El presidente Luiz Inácio Lula da Silva instó este lunes a EE.UU. a reconsiderar la imposición de un arancel del 50 % sobre productos brasileños, vigente desde el 1 de agosto.
Durante un acto en Río de Janeiro, Lula pidió a Donald Trump “reflexionar sobre la importancia de Brasil” y sentarse a negociar, rechazando sanciones unilaterales.
La medida fue justificada por Washington como respuesta al juicio contra el expresidente Jair Bolsonaro, pero Brasil lo considera una injerencia inaceptable en su sistema judicial.
A pesar de múltiples gestiones, no se concertaron nuevos diálogos diplomáticos después de que una propuesta brasileña de mayo quedará sin respuesta.
Lula advirtió que activará la Ley de Reciprocidad Económica, recientemente sancionada, para responder simétricamente si EE.UU. concreta las tarifas.
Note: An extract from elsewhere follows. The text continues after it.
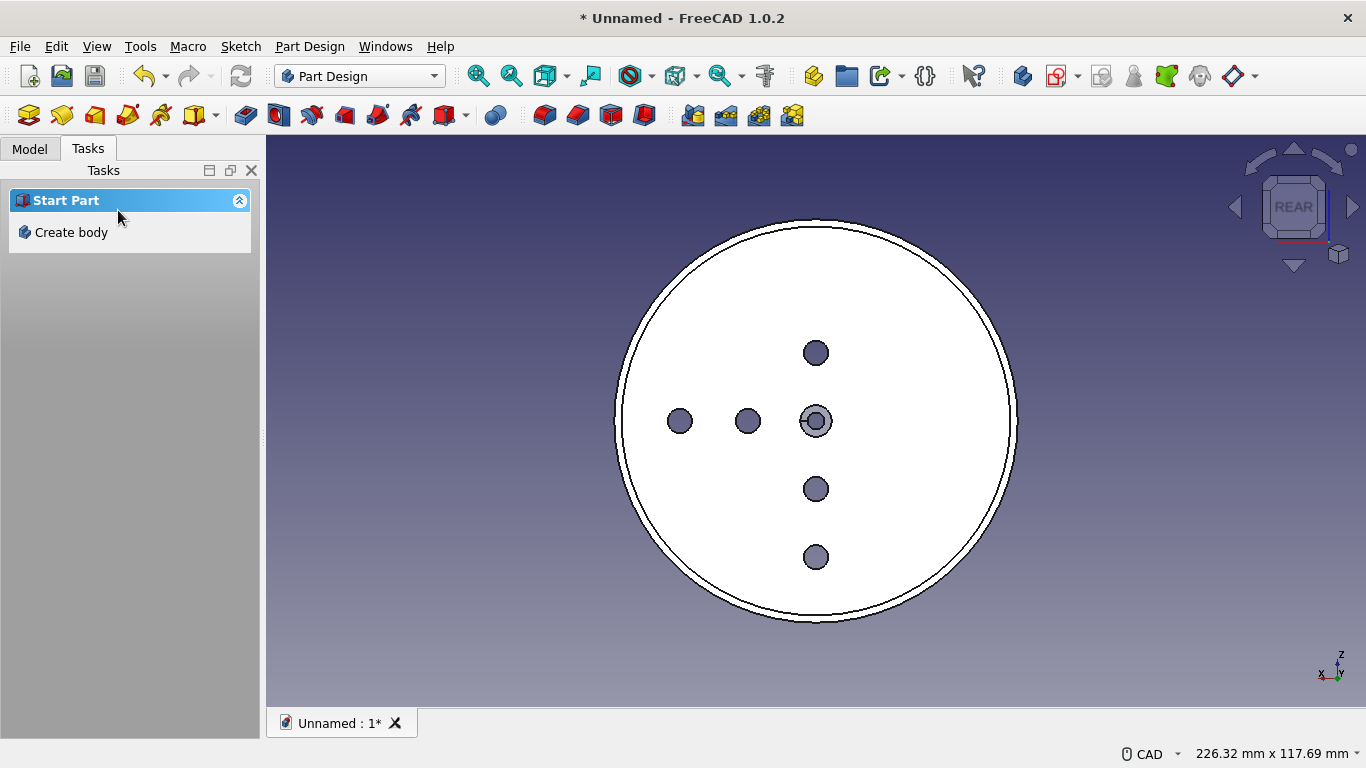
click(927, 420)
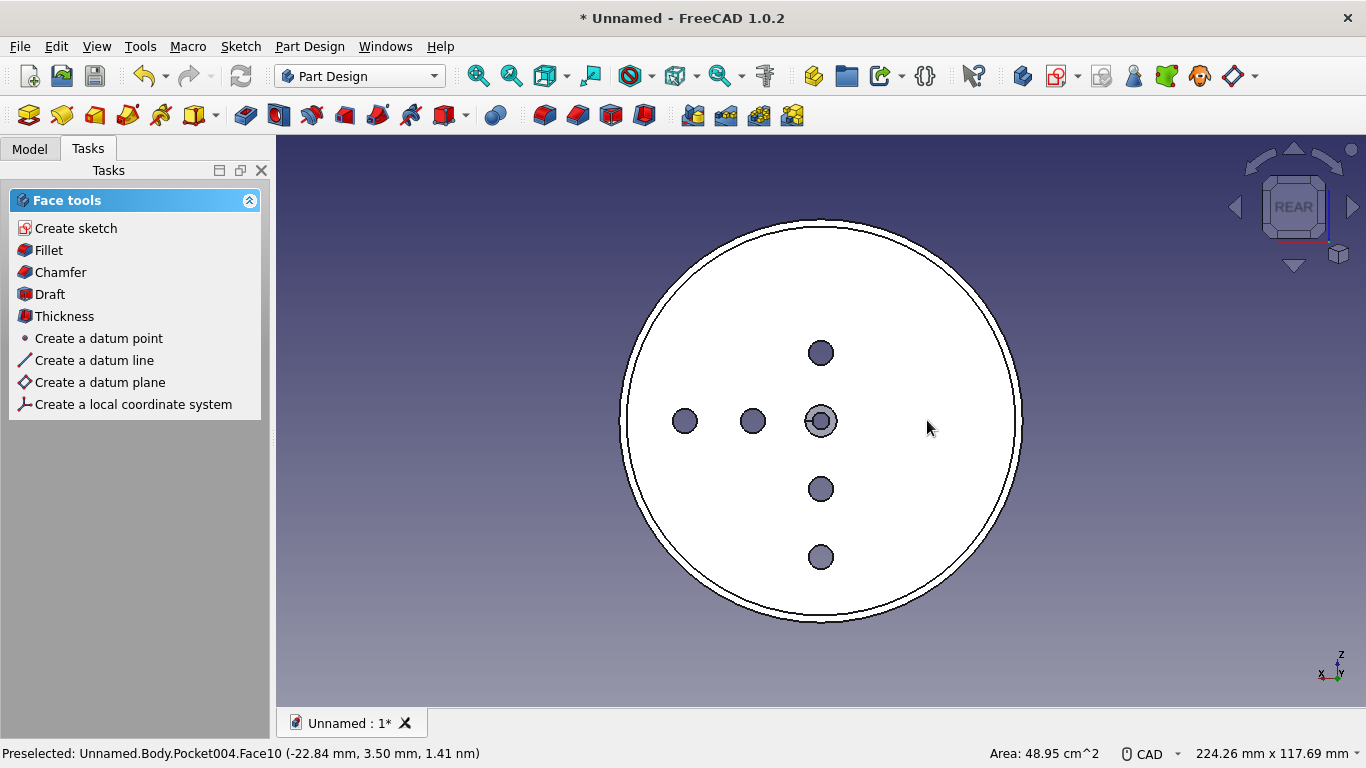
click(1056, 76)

También señaló que la crisis diplomática ha fortalecido su apoyo político en Brasil y revivido el sentimiento nacionalista contra interferencias externas. Brasil también presentó una solicitud formal ante la OMC para que medie en la disputa, reforzando su estrategia legal internacional.
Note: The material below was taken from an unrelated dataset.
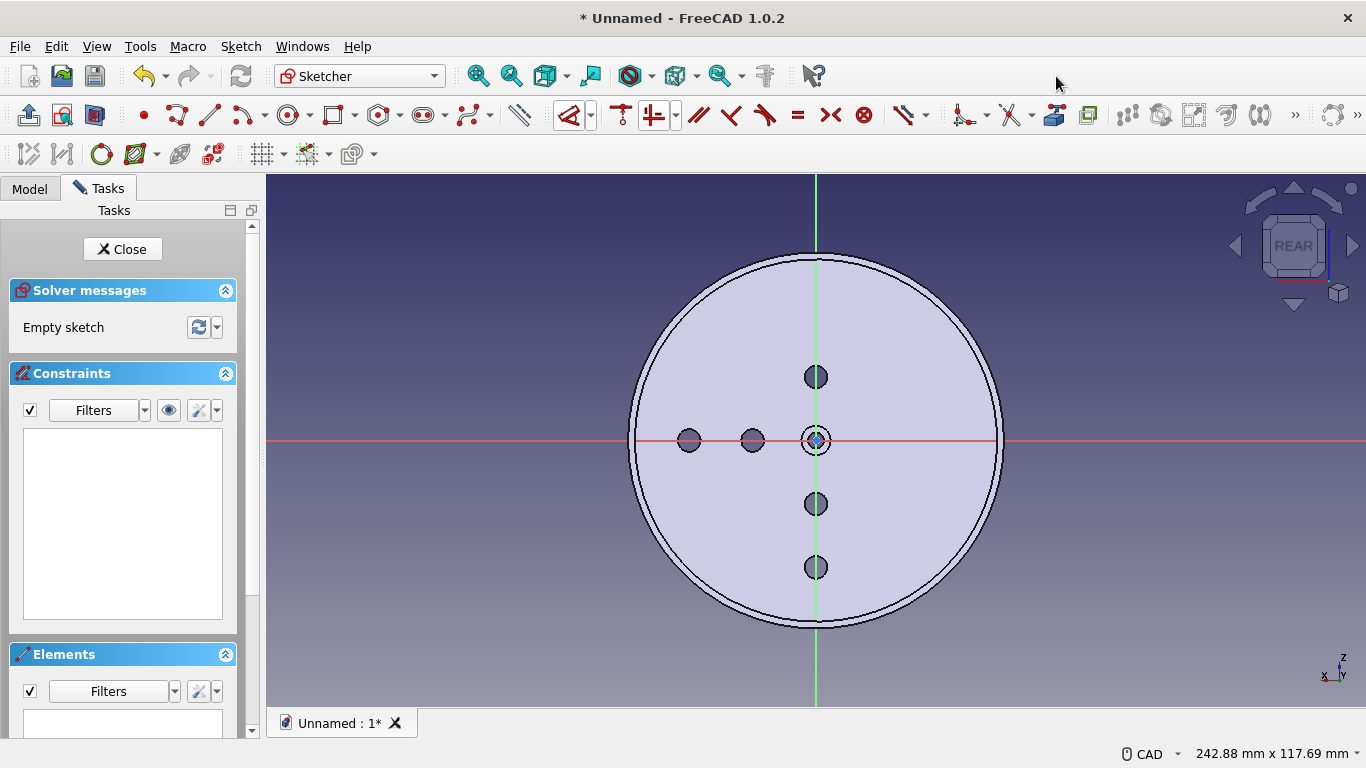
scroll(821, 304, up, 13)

El Vicepresidente Geraldo Alckmin dijo que el país busca más tiempo para negociar y evitar un impacto económico severo. El gobierno brasileño advirtió que el arancel podría perjudicar sectores claves como café, carne y aeroespacial, con costos millonarios para los exportadores.
Lula calificó la medida de “chantaje político” influenciado por aliados de Bolsonaro en EE.UU., y afirmó que Brasil no aceptará ninguna tutela extranjera. Aunque no descarta represalias comerciales, Lula también dejó abierta la puerta a la diplomacia como vía preferente para resolver el conflicto.